Sunday, February 26, 2012

Teachers Ranking and Standardized Tests

  Last Friday Ney York City schools released the “rankings” of 18,000 elementary and middle school teachers in New York. There had been a court battle for a year before the court ruled to release the teachers’ rankings. I can understand sharing this information with parents of the students but not with the whole world!

Stacey (the author of the blog Two Writing Teachers) spoke with some of the teachers from New York who were her former colleagues. They told her not only they are worried about being fired but also having parents asking administrators to not put their child in their classes and also worried about being able to move to another school in the New York. None of them felt the rankings were indicative of their teaching ability. I was glad to read that because I don’t feel that student’s test scores are always a reflection on teachers. There are some students who will never test well no matter how much instruction they receive!!

Standardized tests are not the only way to measure achievement. The tests have some value in measuring basic skills and rote learning, but their overuse distorts education. No standardized test can accurately measure the quality of education. Students can be coached to guess the right answer, but learning this skill does not equate to acquiring facility in complex reasoning and analysis. It is possible to have higher test scores and worse education. The scores tell us nothing about how well students can think, how deeply they understand history or science or literature or philosophy, or how much they love to paint or dance or sing, or how well prepared they are to cast their votes carefully or to be wise jurors.  (Retrieved from The New York Review of Books on 2/26/12.)

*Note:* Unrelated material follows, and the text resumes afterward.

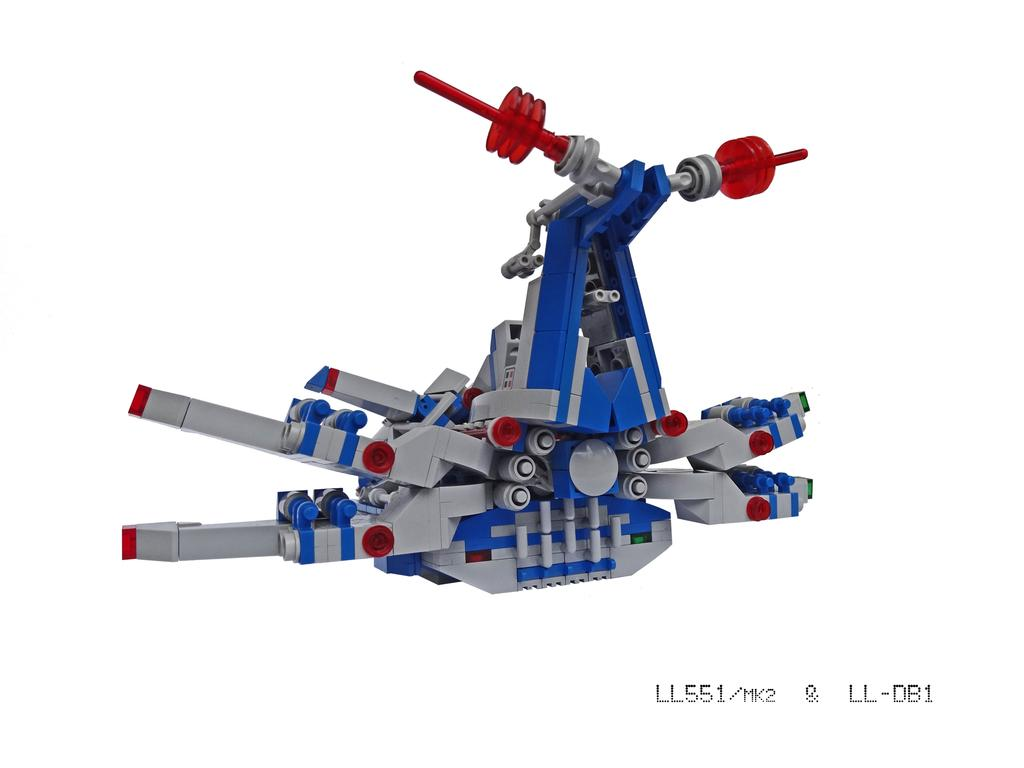What is the main subject of the image? There is a Lego in the image. What color is the background of the image? The background of the image is white. Is there any text present in the image? Yes, there is text at the bottom of the image. Can you tell me how many people are taking a bath in the image? There is no indication of a bath or people taking a bath in the image; it features a Lego and a white background with text at the bottom. What type of development is shown in the image? There is no development or construction project depicted in the image; it features a Lego and a white background with text at the bottom. 
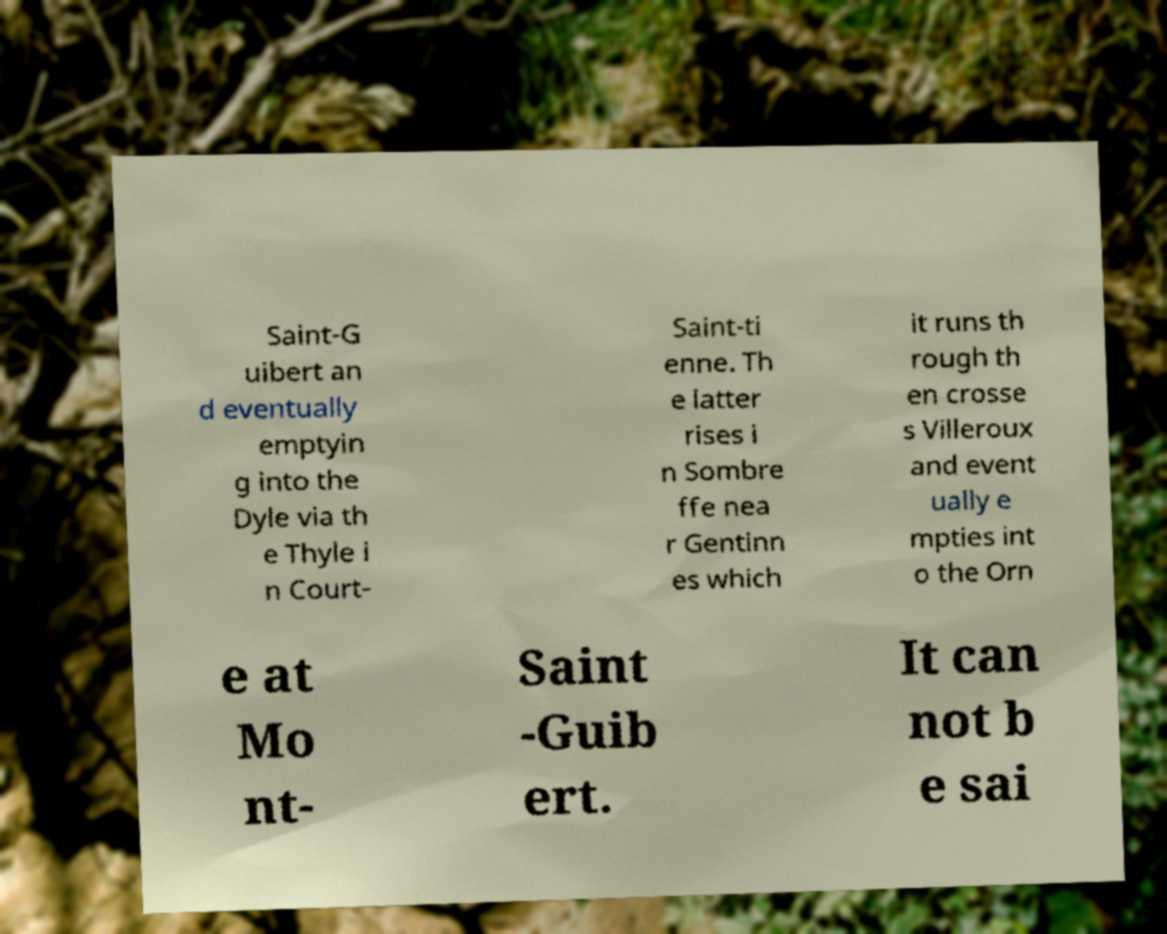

In 2010 a school in Los Angeles, California released their teacher’s rankings to the public. It makes me wonder how many more schools are going to do the same thing. I also wonder how many “wonderful” teachers will leave the profession. I also wonder if perhaps, this will cause some teachers to cheat on the standardized tests to keep from losing their jobs. It happened in the past and there is a strong chance it could happen again.

Diane Ravitch (the author of the blog The New York Review of Books) wrote that “President Obama said in his State of the Union address that teachers should stop teaching to the test, but his own Race to the Top program is the source of New York’s hurried and wrong- headed teacher evaluation plan. According to Race to the Top, states have are required to evaluate teachers’ based in part on their students’ test scores in order to compete for federal funding.”  I believe teacher’s should be evaluated but not by using standardized test scores. They are not an accurate depiction of student learning. There are some students who have disabilities who could never take a standardized test so how could that teacher be evaluated?

Reading these two blog posts has left me feeling sad and worried. How will this affect student teachers? Will this make some change their major? How will this affect us when we get out there and get a teaching position? If we rank low our first two years, will we lose our jobs? I certainly hope not because I feel it will take me a few years to be the teacher I know I can be!


1 comment:

  1. Wow! What a hot topic Lana! This is disheartening to read. Most teachers work hard every day and have nothing but the best intentions for their lessons and for their students' learning outcomes. It's the few "bad teachers" that tend to cause these kinds of issues. I agree that evaluation is necessary, but I don't think scores on standardized tests are justifiable sources for teacher performance. You mentioned many good reasons why this should not be the case. Hopefully the larger states will do this and realize the error of their ways before it ever gets to us!